» TASK ITEM
From the data below, copy out every line in which the word "York" occurs.

BEGIN

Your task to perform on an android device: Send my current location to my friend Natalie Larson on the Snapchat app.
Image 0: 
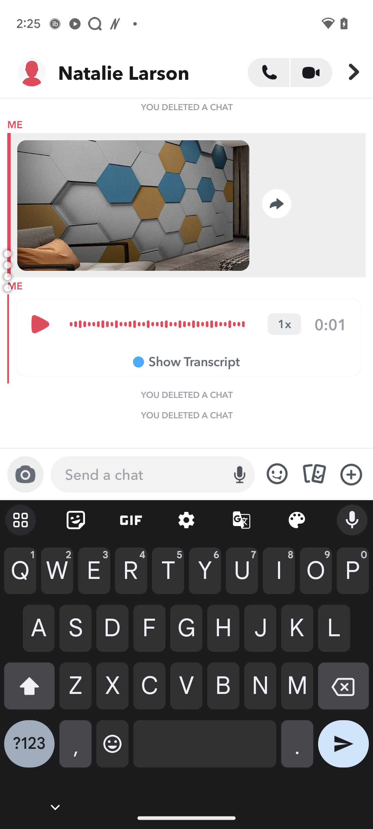
Click on the + icon  on the right side of the chat box.
Step 0: click (344, 469)
Image 1: 
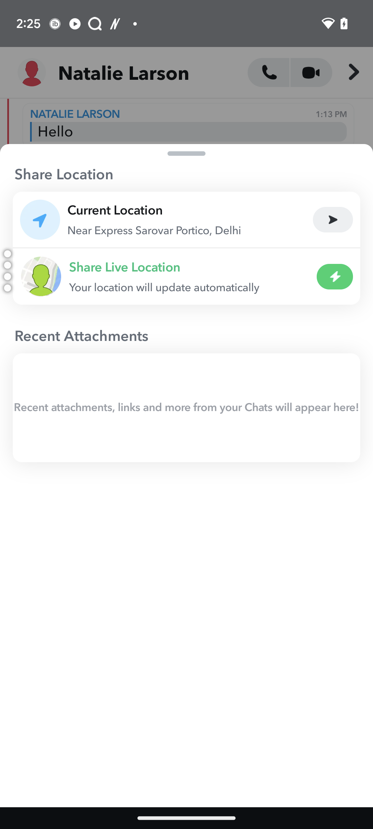
Click on the send icon of the Current Location tab.
Step 1: click (186, 211)
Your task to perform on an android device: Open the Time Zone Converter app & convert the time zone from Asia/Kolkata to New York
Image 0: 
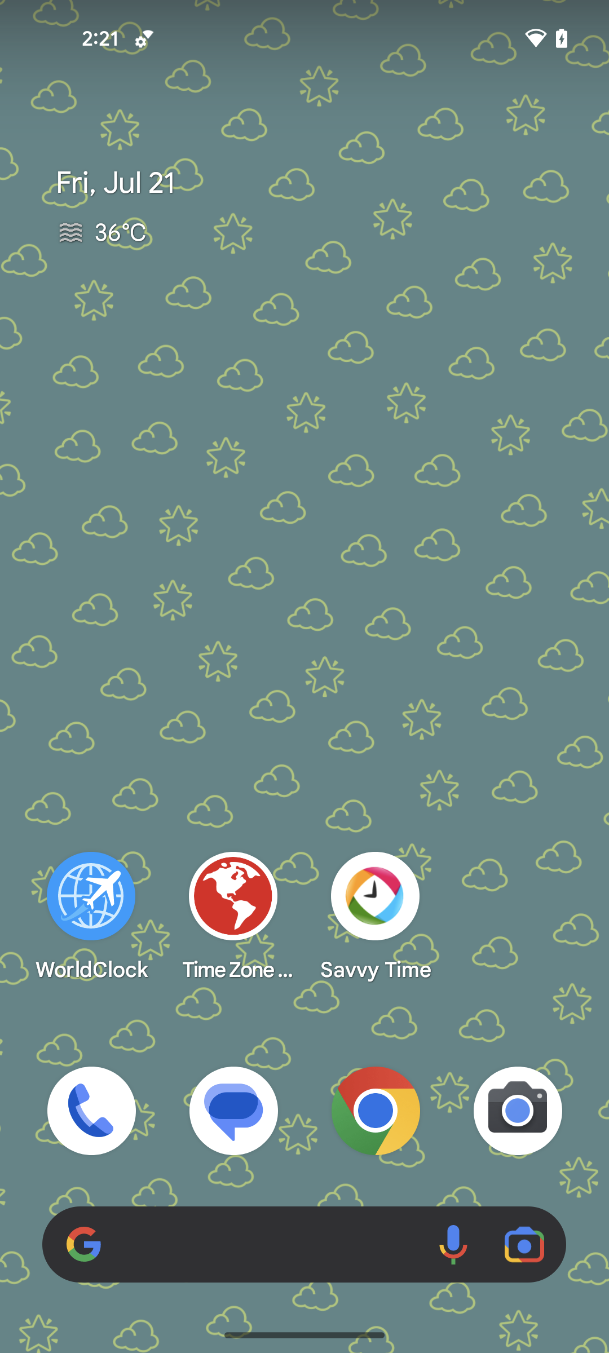
open the Time Zone Converter app
Step 0: open app "Time Zone Converter"
Image 2: 
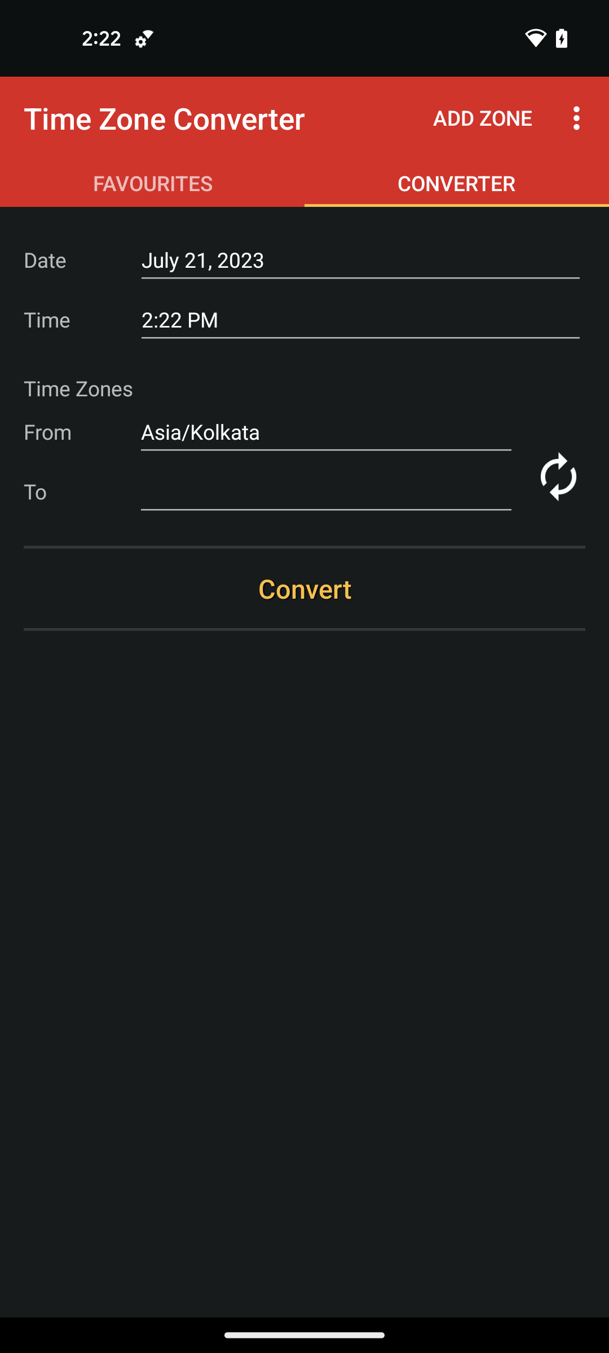
click on the time zone name section
Step 2: click (240, 498)
Image 3: 
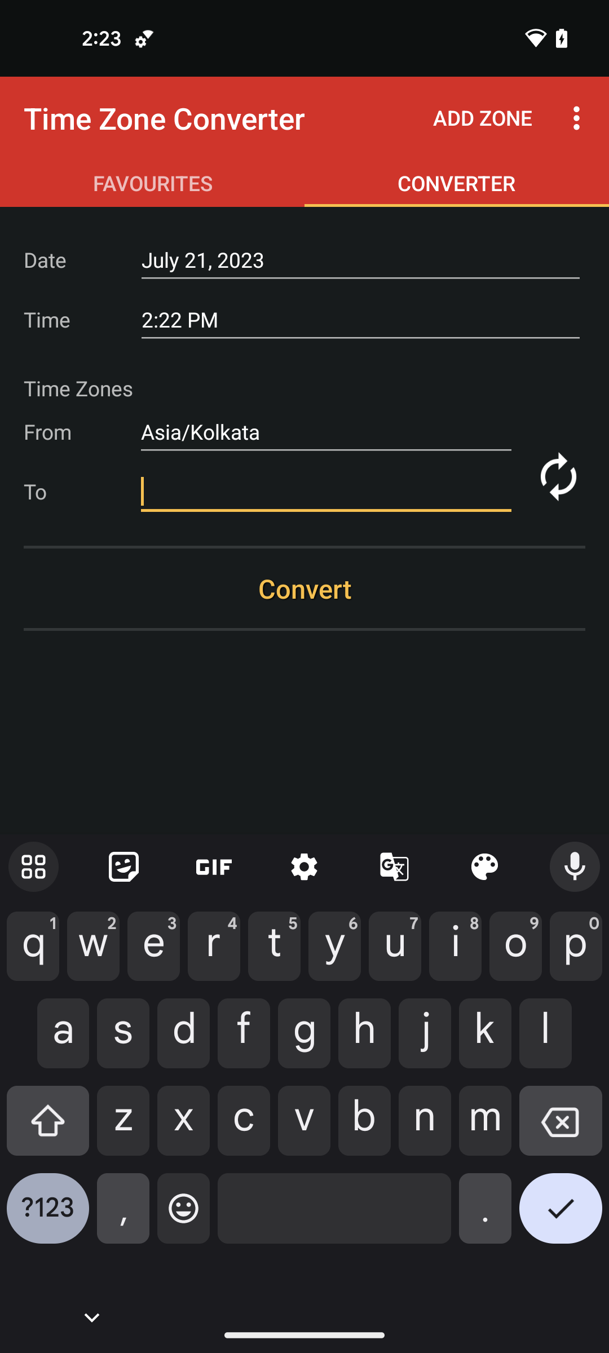
enter the converted time zone New York
Step 3: type "New York"
Image 4: 
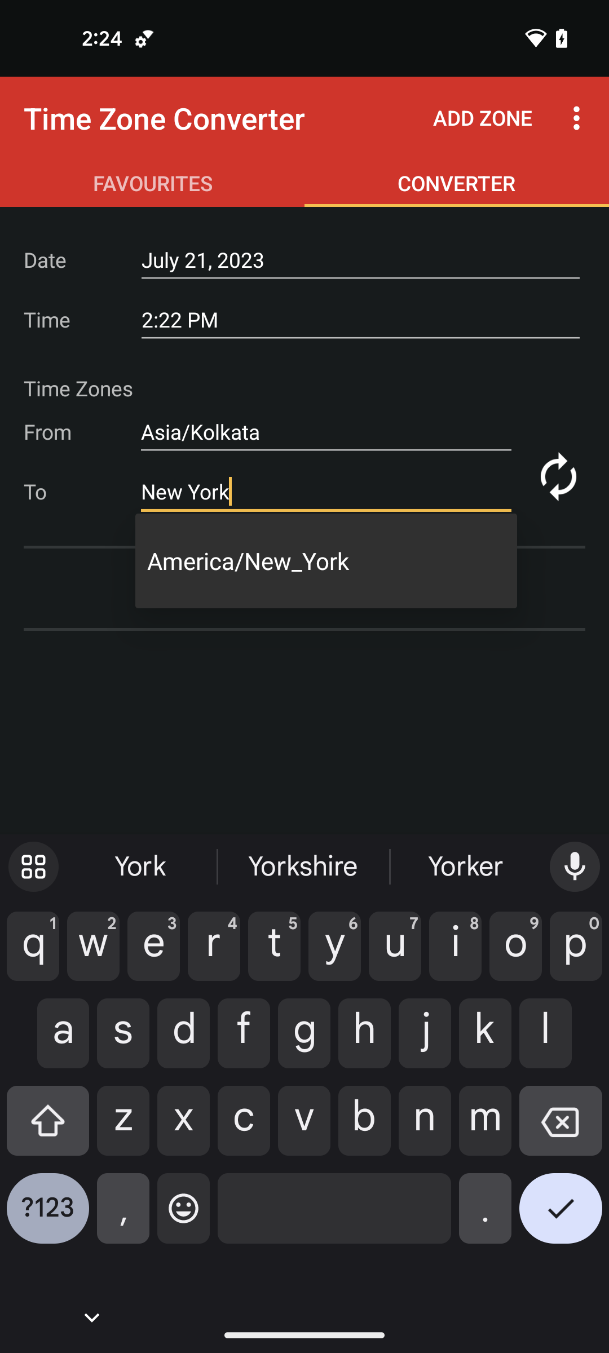
select the suggested time zone
Step 4: click (326, 560)
Image 5: 
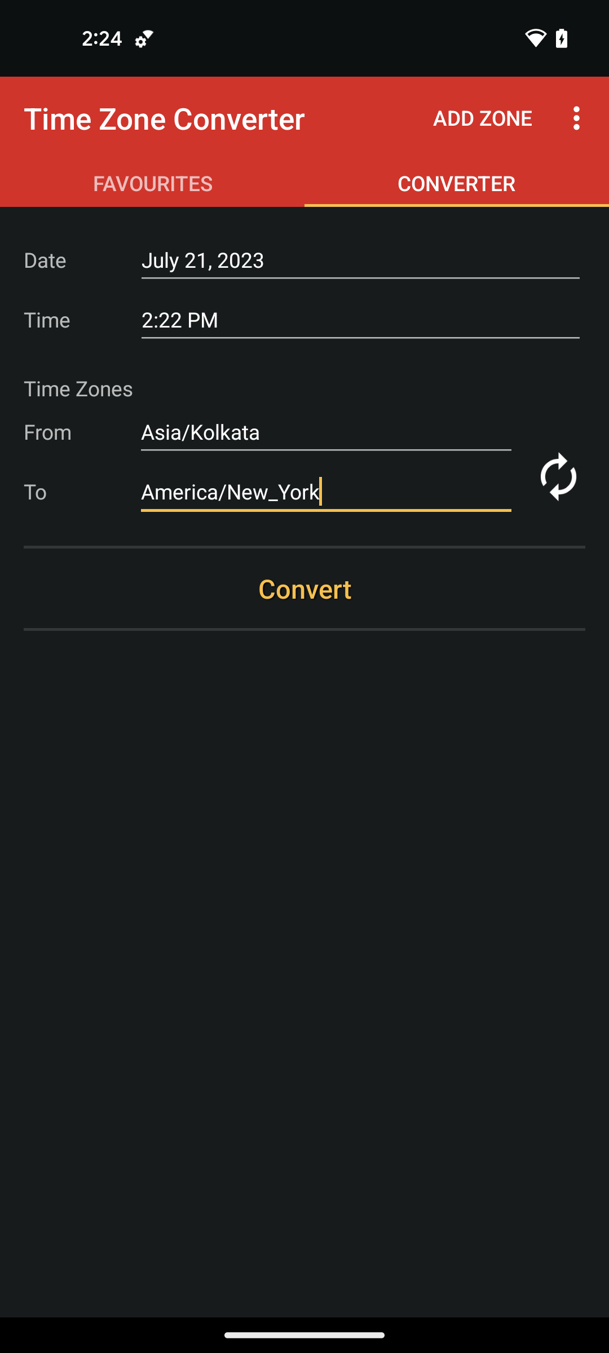
click on the Convert button
Step 5: click (304, 588)

END

» REPLY
Your task to perform on an android device: Open the Time Zone Converter app & convert the time zone from Asia/Kolkata to New York
enter the converted time zone New York
Step 3: type "New York"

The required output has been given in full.